Ghana’s credit rating upgraded to ‘CCC+’ amid gold reforms and debt restructuring
Ghana’s creditworthiness has been boosted following a decision by SP Global Ratings to upgrade the country’s foreign currency rating from ‘SD’ (Selective Default to ‘CCC+’.
This follows sustained progress in debt restructuring and macroeconomic management, with key indicators such as gold export earnings and foreign exchange reserves showing notable improvement.
The upgrade, detailed in S&P’s May 9, 2025, assessment, comes on the back of the successful completion of Ghana’s domestic debt exchange program and ongoing negotiations with external creditors.
S&P also affirmed the ‘CCC+’ ratings on Ghana’s debt and maintained a stable outlook on both foreign and local currency ratings.
The development reflects growing investor confidence, strengthened by government initiatives like the establishment of the Ghana Gold Board.
The Board, aimed at streamlining the gold value chain, is already playing a critical role in formalising the sector and boosting export revenues.

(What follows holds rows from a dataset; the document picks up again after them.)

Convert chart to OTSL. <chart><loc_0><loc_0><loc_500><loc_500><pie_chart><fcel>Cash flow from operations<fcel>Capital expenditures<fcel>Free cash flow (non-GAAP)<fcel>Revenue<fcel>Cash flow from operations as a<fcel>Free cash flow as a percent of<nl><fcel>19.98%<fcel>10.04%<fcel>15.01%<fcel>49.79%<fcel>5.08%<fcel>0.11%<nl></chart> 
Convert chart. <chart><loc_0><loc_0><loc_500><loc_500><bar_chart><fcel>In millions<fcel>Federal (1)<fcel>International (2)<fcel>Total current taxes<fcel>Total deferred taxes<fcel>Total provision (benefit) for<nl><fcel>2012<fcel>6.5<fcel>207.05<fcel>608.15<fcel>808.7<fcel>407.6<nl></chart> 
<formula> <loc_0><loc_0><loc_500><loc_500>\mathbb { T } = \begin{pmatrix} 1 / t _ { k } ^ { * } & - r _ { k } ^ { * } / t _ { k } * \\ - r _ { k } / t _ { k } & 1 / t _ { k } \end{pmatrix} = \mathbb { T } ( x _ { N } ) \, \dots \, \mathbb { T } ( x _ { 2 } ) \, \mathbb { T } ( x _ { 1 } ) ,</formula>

The improved external liquidity position, supported by a surge in gold exports and a recovering cedi, is helping Ghana meet its short-term obligations more comfortably.
The cedi, which had crossed GH¢17 to the dollar in 2023, is now trading around GH¢14, helping curb import-driven inflation, now at 21.2%—the lowest in eight months.

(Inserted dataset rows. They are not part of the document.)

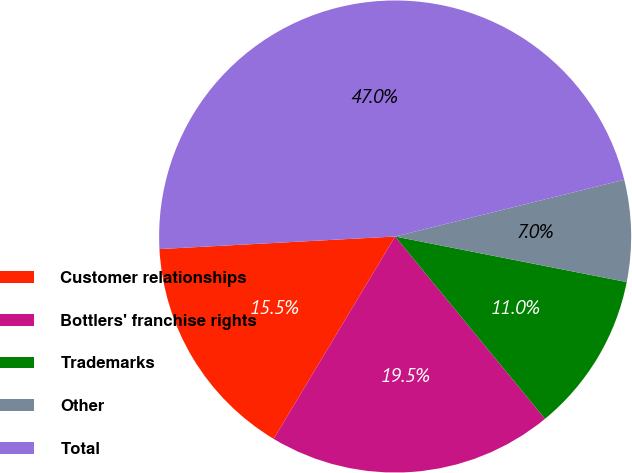<chart> <loc_0><loc_0><loc_500><loc_500><pie_chart><fcel>Customer relationships<fcel>Bottlers' franchise rights<fcel>Trademarks<fcel>Other<fcel>Total<nl><fcel>15.55%<fcel>19.55%<fcel>10.96%<fcel>6.96%<fcel>46.98%<nl></chart> 
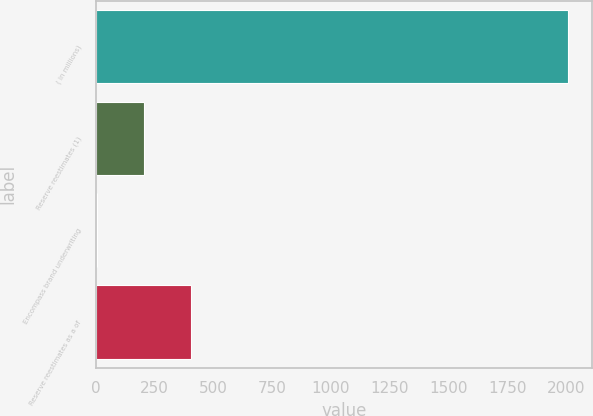Convert chart to OTSL. <chart><loc_0><loc_0><loc_500><loc_500><bar_chart><fcel>( in millions)<fcel>Reserve reestimates (1)<fcel>Encompass brand underwriting<fcel>Reserve reestimates as a of<nl><fcel>2009<fcel>205.4<fcel>5<fcel>405.8<nl></chart> 
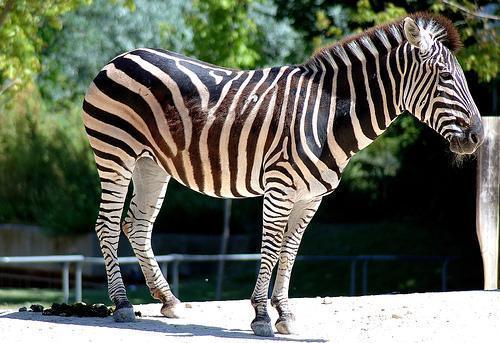How many zebras are there?
Give a very brief answer. 1. How many legs does the zebra have?
Give a very brief answer. 4.

This progress also follows Ghana’s October 2024 Eurobond exchange and the memorandum of understanding ratified with bilateral creditors in January 2025, seen as a cornerstone of its broader economic recovery. The gains have been linked by some to the policy groundwork laid during the tenure of former President John Dramani Mahama.
Despite the positive outlook, S&P cautions that downside risks remain. Should Ghana’s fiscal performance weaken, or financing conditions tighten, the country’s ability to service its debt could be jeopardised, placing renewed pressure on its fiscal and external stability.

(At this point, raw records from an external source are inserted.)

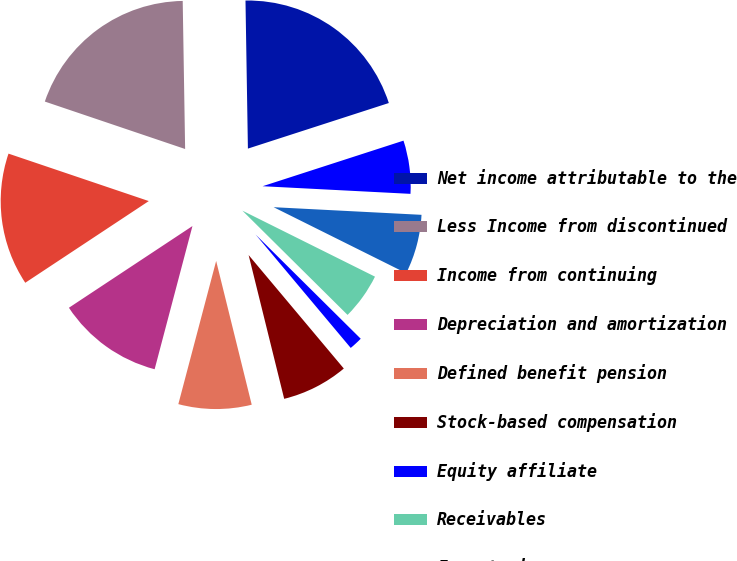Convert chart. <chart><loc_0><loc_0><loc_500><loc_500><pie_chart><fcel>Net income attributable to the<fcel>Less Income from discontinued<fcel>Income from continuing<fcel>Depreciation and amortization<fcel>Defined benefit pension<fcel>Stock-based compensation<fcel>Equity affiliate<fcel>Receivables<fcel>Inventories<fcel>Other current assets<nl><fcel>20.28%<fcel>19.55%<fcel>14.49%<fcel>11.59%<fcel>7.97%<fcel>7.25%<fcel>1.46%<fcel>5.08%<fcel>6.53%<fcel>5.8%<nl></chart> 
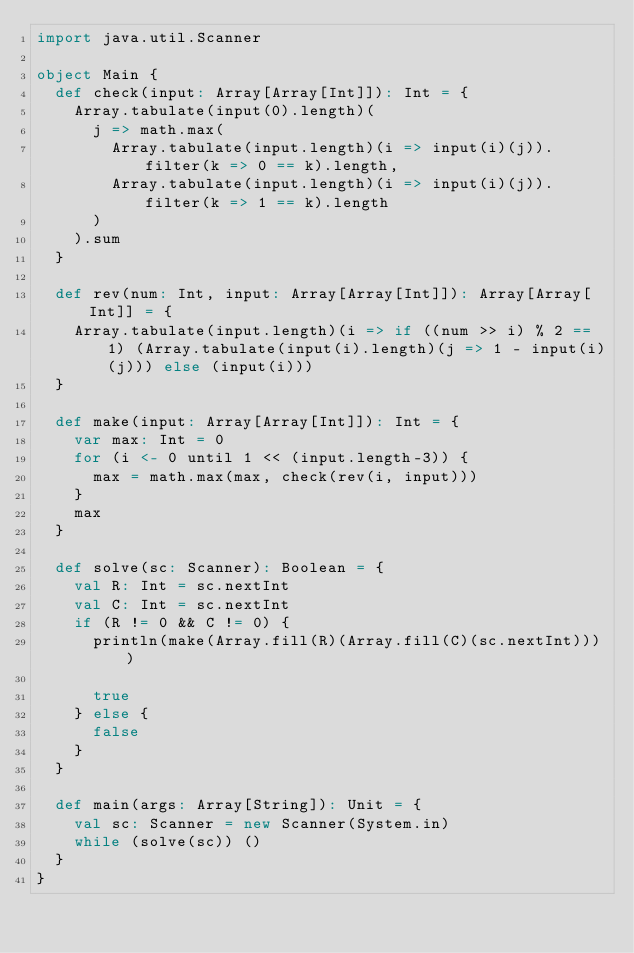<code> <loc_0><loc_0><loc_500><loc_500><_Scala_>import java.util.Scanner

object Main {
  def check(input: Array[Array[Int]]): Int = {
    Array.tabulate(input(0).length)(
      j => math.max(
        Array.tabulate(input.length)(i => input(i)(j)).filter(k => 0 == k).length,
        Array.tabulate(input.length)(i => input(i)(j)).filter(k => 1 == k).length
      )
    ).sum
  }

  def rev(num: Int, input: Array[Array[Int]]): Array[Array[Int]] = {
    Array.tabulate(input.length)(i => if ((num >> i) % 2 == 1) (Array.tabulate(input(i).length)(j => 1 - input(i)(j))) else (input(i)))
  }

  def make(input: Array[Array[Int]]): Int = {
    var max: Int = 0
    for (i <- 0 until 1 << (input.length-3)) {
      max = math.max(max, check(rev(i, input)))
    }
    max
  }

  def solve(sc: Scanner): Boolean = {
    val R: Int = sc.nextInt
    val C: Int = sc.nextInt
    if (R != 0 && C != 0) {
      println(make(Array.fill(R)(Array.fill(C)(sc.nextInt))))

      true
    } else {
      false
    }
  }

  def main(args: Array[String]): Unit = {
    val sc: Scanner = new Scanner(System.in)
    while (solve(sc)) ()
  }
}</code>

According to a report by citinewsroom.com, the Finance minister Dr Cassiel Ato Forson has, however, downplayed fears of reversal, insisting that the recovery is rooted in “prudent and well-coordinated economic policies.”
He emphasised that the current gains are not fleeting but a testament to deliberate efforts to restore confidence and build a resilient macroeconomic foundation.
The government continues to implement fiscal reforms to tackle structural challenges, signaling its commitment to long-term economic stability and sustainable growth.